Мы с В. И. Москвиным много общались и по делам училища, и просто так, по-человечески. Он мне рассказывал о своем именитом отце. Помню такой эпизод, удивительно проникновенно характеризующий жизнелюбие Ивана Михайловича Москвина и в то же время исполненный драматизма.
Поехал как-то Владимир Иванович с отцом на рыбалку, с ночевкой. Половили на вечерней зорьке, легли спать, чтобы поутру снова закинуть удочки. Среди ночи Владимир Иванович просыпается и видит — отец лежит с открытыми глазами. Он спрашивает у него: «Папа, почему ты не спишь?» — «Жалко спать», — отвечает Иван Михайлович. Пронзительная фраза — «Жалко спать». Так мог сказать только человек, которому хочется наслаждаться жизнью и который остро ощущает скоротечность бытия.
В самом начале своего педагогического пути я делал со студентами отрывки в качестве ассистента под руководством этих прекрасных опытных педагогов. Это были очень разные люди и очень разные педагоги, но объединяло их то, что они несли в себе дух творчества Вахтангова. И я стремился от каждого взять что-то присущее именно этому художнику.
Но период кураторства надо мной длился недолго, и вскоре я начал работать самостоятельно, представляя на экзамены свои работы. В какой-то момент, когда мы показывали лучшие отрывки в Доме актера, Борис Евгеньевич Захава обратил внимание на то, что из восьми отрывков три были мои. Я в тот период очень много и с большим интересом работал в училище. И Захава предложил мне занять место художественного руководителя курса. Это было признанием моей работы и честью для меня. Было страшновато, но я согласился.

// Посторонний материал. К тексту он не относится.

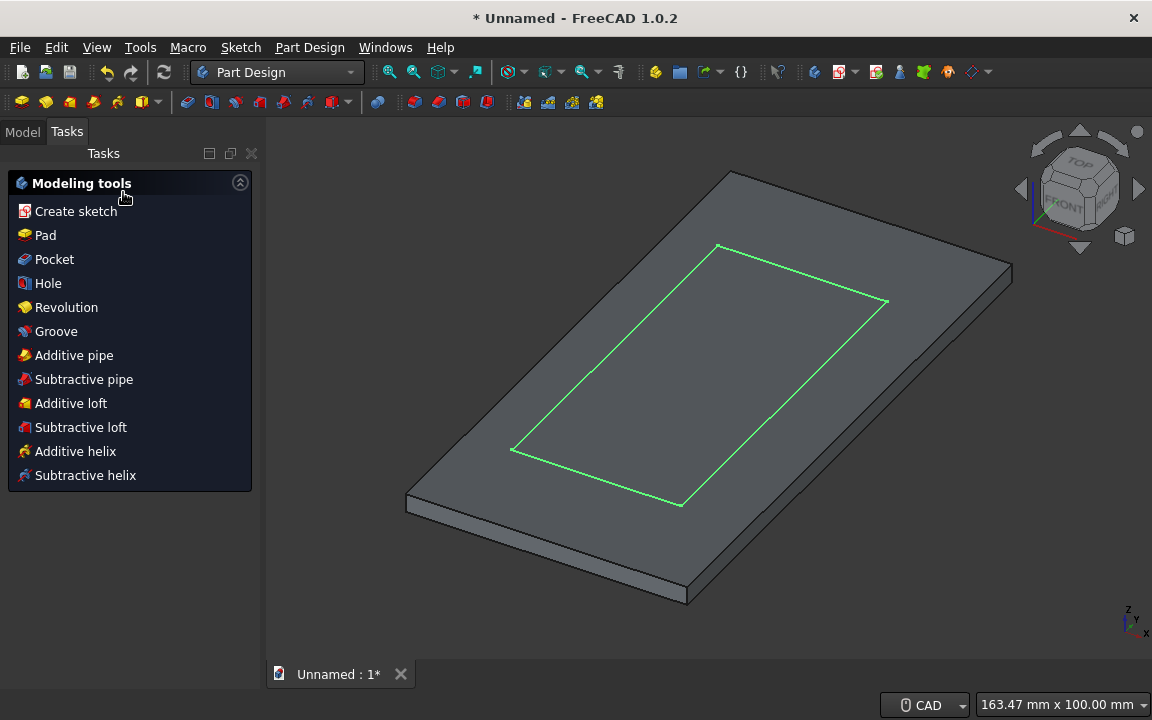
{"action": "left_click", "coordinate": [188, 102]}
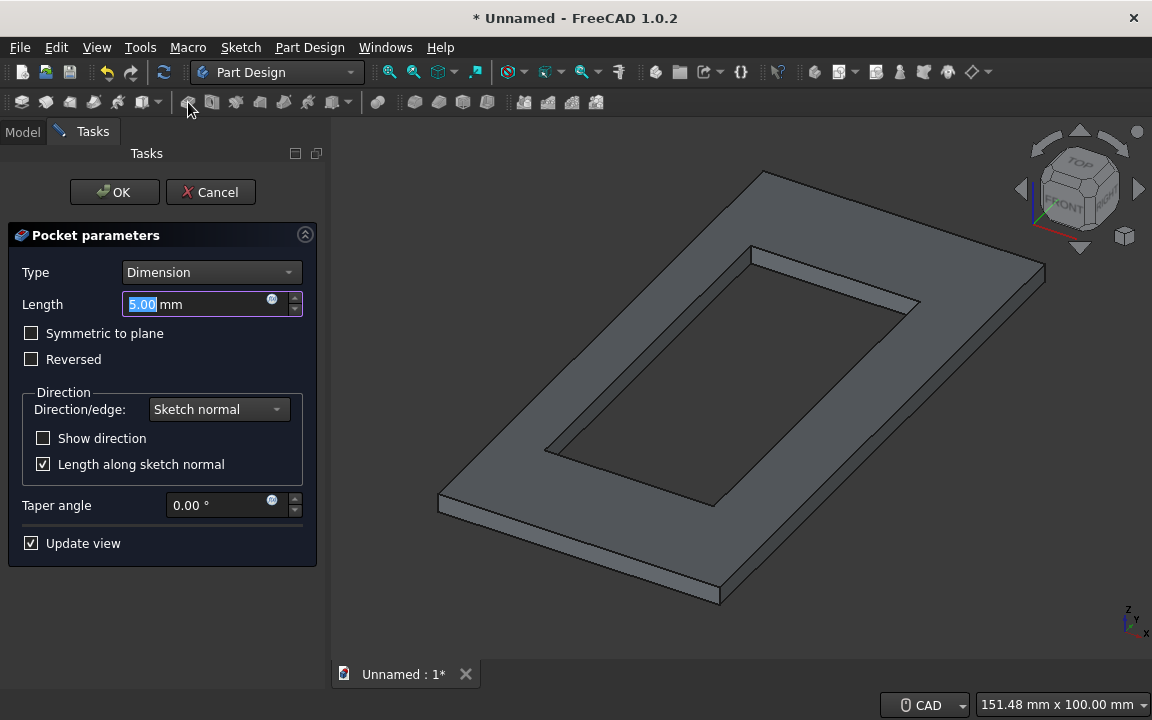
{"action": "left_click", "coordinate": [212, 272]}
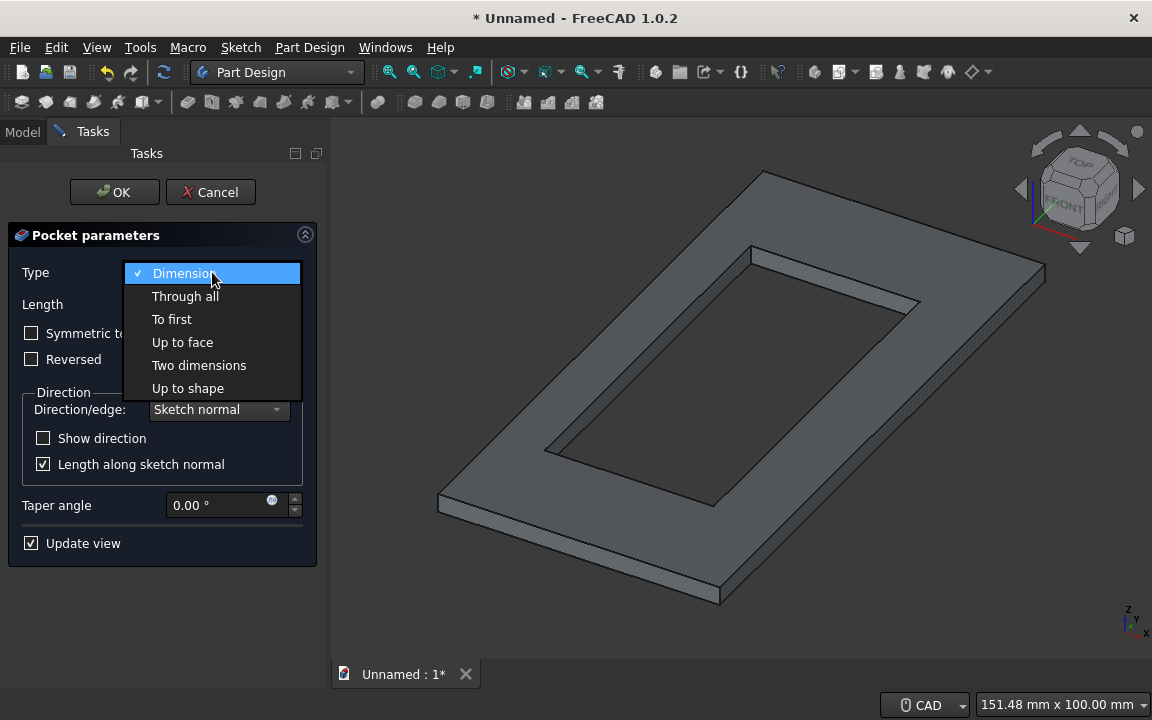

К этому времени мастерами на курсах работали только старые вахтанговцы, профессора. И вдруг такое нарушение традиций. В 1957 году я стал самым молодым руководителем курса и начал с рвением выполнять свои обязанности. Руководство курсом дело почетное, но ответственное и хлопотное. За четырехлетний период работы на курсе я не сыграл ни одной новой роли ни в театре, ни в кино. Зато своими учениками я вправе гордиться. Если Станиславский говорил, что ради одного талантливого ученика имеет смысл воспитывать курс, то мне посчастливилось перевыполнить эту норму. Мой курс окончили Людмила Максакова, Александр Збруев, Вениамин Смехов, Зиновий Высоковский, Александр Биненбойм, Иван Бортник, Ирина Бунина, ныне профессора нашего училища А. Сабинин и Ю. Авшаров, руководитель курса Александр Белявский. Я позволил себе поименно назвать именно выпускников своего курса и никогда не называю своими учениками студентов, к которым имел педагогическое касательство. Ибо не тот учитель, который учит, а тот, у которого учишься. Этих учил я.